■ **DESCRIPTION OF THE TASK**: Copy each record exactly as it reads, leaving out any pictures it holds.

######

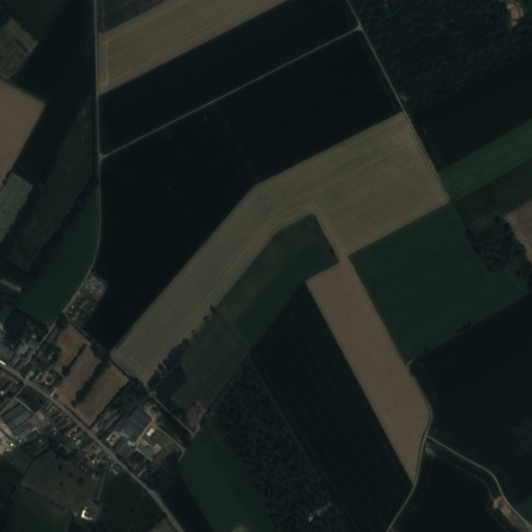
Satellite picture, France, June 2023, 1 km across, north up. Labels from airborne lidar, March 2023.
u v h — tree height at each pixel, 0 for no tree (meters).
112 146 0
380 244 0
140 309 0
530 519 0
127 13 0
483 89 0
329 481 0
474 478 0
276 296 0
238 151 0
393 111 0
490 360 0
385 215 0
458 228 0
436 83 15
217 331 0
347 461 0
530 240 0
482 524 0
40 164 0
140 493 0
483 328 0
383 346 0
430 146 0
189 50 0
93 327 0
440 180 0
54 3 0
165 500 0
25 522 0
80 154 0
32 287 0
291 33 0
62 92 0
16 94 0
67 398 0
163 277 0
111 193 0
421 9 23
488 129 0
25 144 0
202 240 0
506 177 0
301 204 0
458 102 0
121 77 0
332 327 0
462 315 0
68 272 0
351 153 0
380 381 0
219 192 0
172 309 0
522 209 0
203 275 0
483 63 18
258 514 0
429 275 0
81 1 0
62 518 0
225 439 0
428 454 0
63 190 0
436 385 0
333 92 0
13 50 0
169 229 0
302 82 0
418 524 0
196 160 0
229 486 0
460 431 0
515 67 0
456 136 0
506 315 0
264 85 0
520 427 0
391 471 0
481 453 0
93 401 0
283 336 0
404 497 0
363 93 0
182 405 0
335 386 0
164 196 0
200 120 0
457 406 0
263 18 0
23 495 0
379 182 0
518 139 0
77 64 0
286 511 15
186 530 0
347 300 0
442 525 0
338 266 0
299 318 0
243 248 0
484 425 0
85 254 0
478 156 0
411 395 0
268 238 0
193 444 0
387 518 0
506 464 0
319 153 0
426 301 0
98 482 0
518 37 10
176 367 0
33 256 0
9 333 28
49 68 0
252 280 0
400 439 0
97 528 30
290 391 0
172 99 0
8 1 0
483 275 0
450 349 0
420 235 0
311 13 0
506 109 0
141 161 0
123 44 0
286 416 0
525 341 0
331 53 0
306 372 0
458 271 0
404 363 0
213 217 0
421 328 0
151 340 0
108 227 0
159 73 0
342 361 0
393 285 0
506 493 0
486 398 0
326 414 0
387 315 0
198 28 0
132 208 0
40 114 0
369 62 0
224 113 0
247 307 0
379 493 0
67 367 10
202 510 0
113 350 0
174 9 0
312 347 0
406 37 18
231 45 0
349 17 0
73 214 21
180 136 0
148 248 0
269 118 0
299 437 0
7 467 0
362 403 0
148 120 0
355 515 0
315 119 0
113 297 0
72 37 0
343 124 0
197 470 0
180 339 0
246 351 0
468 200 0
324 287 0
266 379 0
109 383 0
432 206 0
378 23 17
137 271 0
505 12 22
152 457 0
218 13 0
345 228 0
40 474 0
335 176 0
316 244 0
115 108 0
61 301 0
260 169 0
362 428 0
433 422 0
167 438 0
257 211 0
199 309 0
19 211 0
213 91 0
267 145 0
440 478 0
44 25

######

■ **RESULT**:
Satellite picture, France, June 2023, 1 km across, north up. Labels from airborne lidar, March 2023.
u v h — tree height at each pixel, 0 for no tree (meters).
112 146 0
380 244 0
140 309 0
530 519 0
127 13 0
483 89 0
329 481 0
474 478 0
276 296 0
238 151 0
393 111 0
490 360 0
385 215 0
458 228 0
436 83 15
217 331 0
347 461 0
530 240 0
482 524 0
40 164 0
140 493 0
483 328 0
383 346 0
430 146 0
189 50 0
93 327 0
440 180 0
54 3 0
165 500 0
25 522 0
80 154 0
32 287 0
291 33 0
62 92 0
16 94 0
67 398 0
163 277 0
111 193 0
421 9 23
488 129 0
25 144 0
202 240 0
506 177 0
301 204 0
458 102 0
121 77 0
332 327 0
462 315 0
68 272 0
351 153 0
380 381 0
219 192 0
172 309 0
522 209 0
203 275 0
483 63 18
258 514 0
429 275 0
81 1 0
62 518 0
225 439 0
428 454 0
63 190 0
436 385 0
333 92 0
13 50 0
169 229 0
302 82 0
418 524 0
196 160 0
229 486 0
460 431 0
515 67 0
456 136 0
506 315 0
264 85 0
520 427 0
391 471 0
481 453 0
93 401 0
283 336 0
404 497 0
363 93 0
182 405 0
335 386 0
164 196 0
200 120 0
457 406 0
263 18 0
23 495 0
379 182 0
518 139 0
77 64 0
286 511 15
186 530 0
347 300 0
442 525 0
338 266 0
299 318 0
243 248 0
484 425 0
85 254 0
478 156 0
411 395 0
268 238 0
193 444 0
387 518 0
506 464 0
319 153 0
426 301 0
98 482 0
518 37 10
176 367 0
33 256 0
9 333 28
49 68 0
252 280 0
400 439 0
97 528 30
290 391 0
172 99 0
8 1 0
483 275 0
450 349 0
420 235 0
311 13 0
506 109 0
141 161 0
123 44 0
286 416 0
525 341 0
331 53 0
306 372 0
458 271 0
404 363 0
213 217 0
421 328 0
151 340 0
108 227 0
159 73 0
342 361 0
393 285 0
506 493 0
486 398 0
326 414 0
387 315 0
198 28 0
132 208 0
40 114 0
369 62 0
224 113 0
247 307 0
379 493 0
67 367 10
202 510 0
113 350 0
174 9 0
312 347 0
406 37 18
231 45 0
349 17 0
73 214 21
180 136 0
148 248 0
269 118 0
299 437 0
7 467 0
362 403 0
148 120 0
355 515 0
315 119 0
113 297 0
72 37 0
343 124 0
197 470 0
180 339 0
246 351 0
468 200 0
324 287 0
266 379 0
109 383 0
432 206 0
378 23 17
137 271 0
505 12 22
152 457 0
218 13 0
345 228 0
40 474 0
335 176 0
316 244 0
115 108 0
61 301 0
260 169 0
362 428 0
433 422 0
167 438 0
257 211 0
199 309 0
19 211 0
213 91 0
267 145 0
440 478 0
44 25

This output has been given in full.